Hatipoğlu “Eğer Avrupa pazarında önemli bir daralma olursa, bu tüm Türk endüstrisi üzere bizlerde de talep azalması olabilir. Bu da ihracatı etkileyebilir” dedi.
Asaş Alüminyum Genel Müdürü Derya Hatiboğlu Bloomberg HT yayınına katıldı.
Enerji krizini dair değerlendirmelerde bulunan Hatiboğlu “Çok güçlü bir devirden geçiyoruz. Endüstrinin ana girdileri olan elektrik ve doğalgazda çok önemli maliyet artışlarıyla karşı karşıyayız. Elektriği ele alırsak geçtiğimiz yılın bu ayına nazaran yaklaşık olarak 4 kat artış var.” dedi.
Avrupa’da doğalgaz vadeli kontratlarında teğe on kata varan artışlar görüldüğünü hatırlatan Asaş “ Şu anda Avrupa ile aramızdaki makas git gide açılmış durumda. Önümüzdeki periyotta Rusya-Ukrayna krizinde rastgele bir çözülme olmazsa Türkiye’deki fiyatların da Avrupa’ya yakınsaması üzere bir riskle karşı karşıya kalabileceğimizi ve önümüzdeki kış aylarında fiyatların biraz daha artma riski olduğunu düşünüyorum. Öte yandan iklimdeki değişikler, öteki jeopolitik zorluklar da güce ulaşımı zorlaştırıyor. Ben artış riskini biraz daha fazla görüyorum.” halinde konuştu.

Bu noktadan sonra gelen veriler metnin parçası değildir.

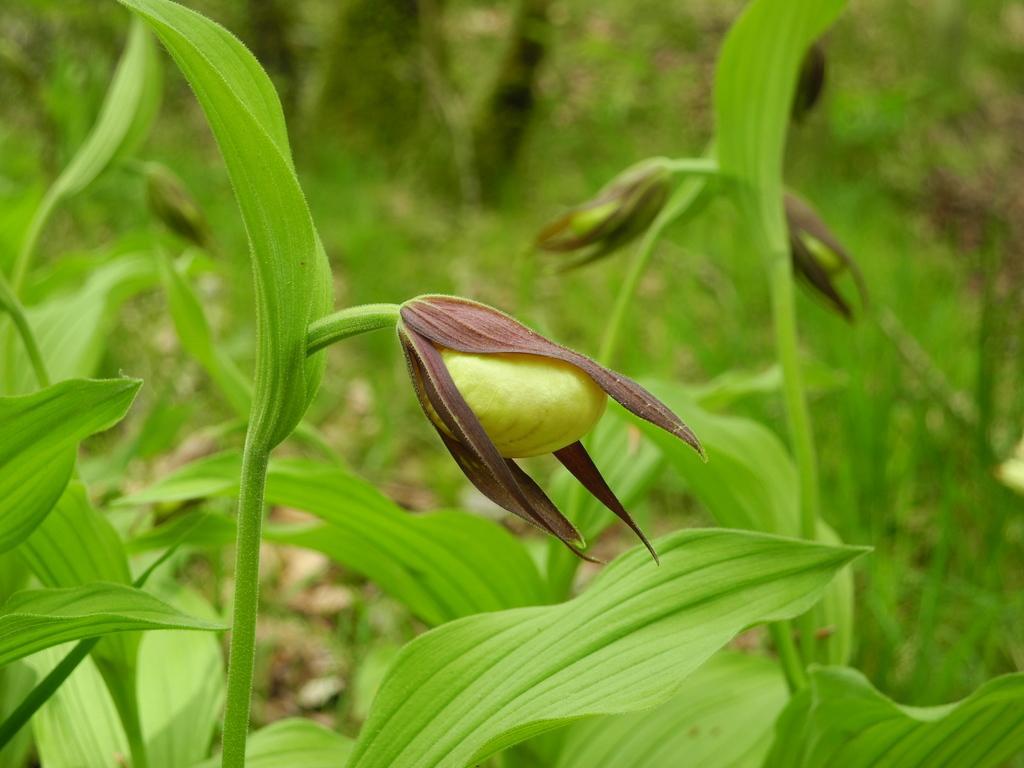Could you give a brief overview of what you see in this image? This picture shows plants and we see buds. 
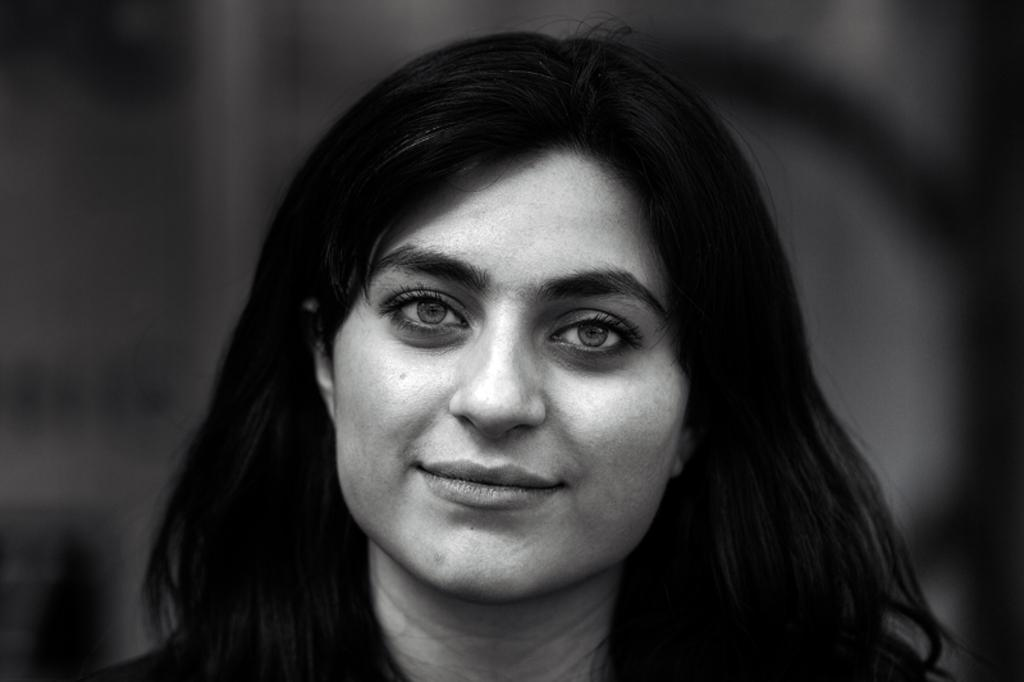What is the main subject of the image? There is a person's face in the image. Can you describe the background of the image? The background of the image is blurred. What type of company is depicted in the background of the image? There is no company depicted in the image, as the background is blurred. What reason might the person have for being in a field in the image? There is no indication of a field or any specific reason for the person's presence in the image, as the background is blurred and only the person's face is visible.

Üretim maliyetindeki artışın akabinde Avrupa’da üretime orta vermenin yanı sıra kepenk kapatacağını söyleyen şirketler oldu. Hatiboğlu hem Türkiye’de Asaş özelinde hem de kesimdeki başka oyuncular açısından bu türlü bir risk olup olmadığına dair soruya ise “Özellikle birincil alüminyum yani orjinal külçeyi üreten tesislerde çok önemli kapanmalar oldu. Yalnızca güç maliyetleri bile mevcut satış fiyatlarının çok üstünde gerçekleşiyor. Aslında Türkiye birincil alüminyum üretiminde çok küçük bir hisseye sahip. Kabaca 1,6 milyon ton alüminyum tüketirken, 80 bin tonlar civarında üretim yapıyoruz. Bu kapsamda bakıldığında Türkiye’de bizim üzere alüminyumu kapsamlı olarak alıp işleyen tesislerde şu anda bu türlü bir risk olmadığını söyleyebiliriz. Avrupa’da da bizim rakibimiz olan, ikincil üretim yapan tesislerde bir kapanma görmedik; fakat birincil alüminyum üreten üreticilerde kapanmalar oldu. Bunun bizim bölüme siyaret etmesi biraz daha güç sayılarının nereye evrildiğine bağlı olacak.” biçiminde karşılık verdi.
Hatipoğlu “Eğer Avrupa pazarında önemli bir daralma olursa, bu tüm Türk endüstrisi üzere bizlerde de talep azalması olabilir. Bu da ihracatı etkileyebilir” dedi.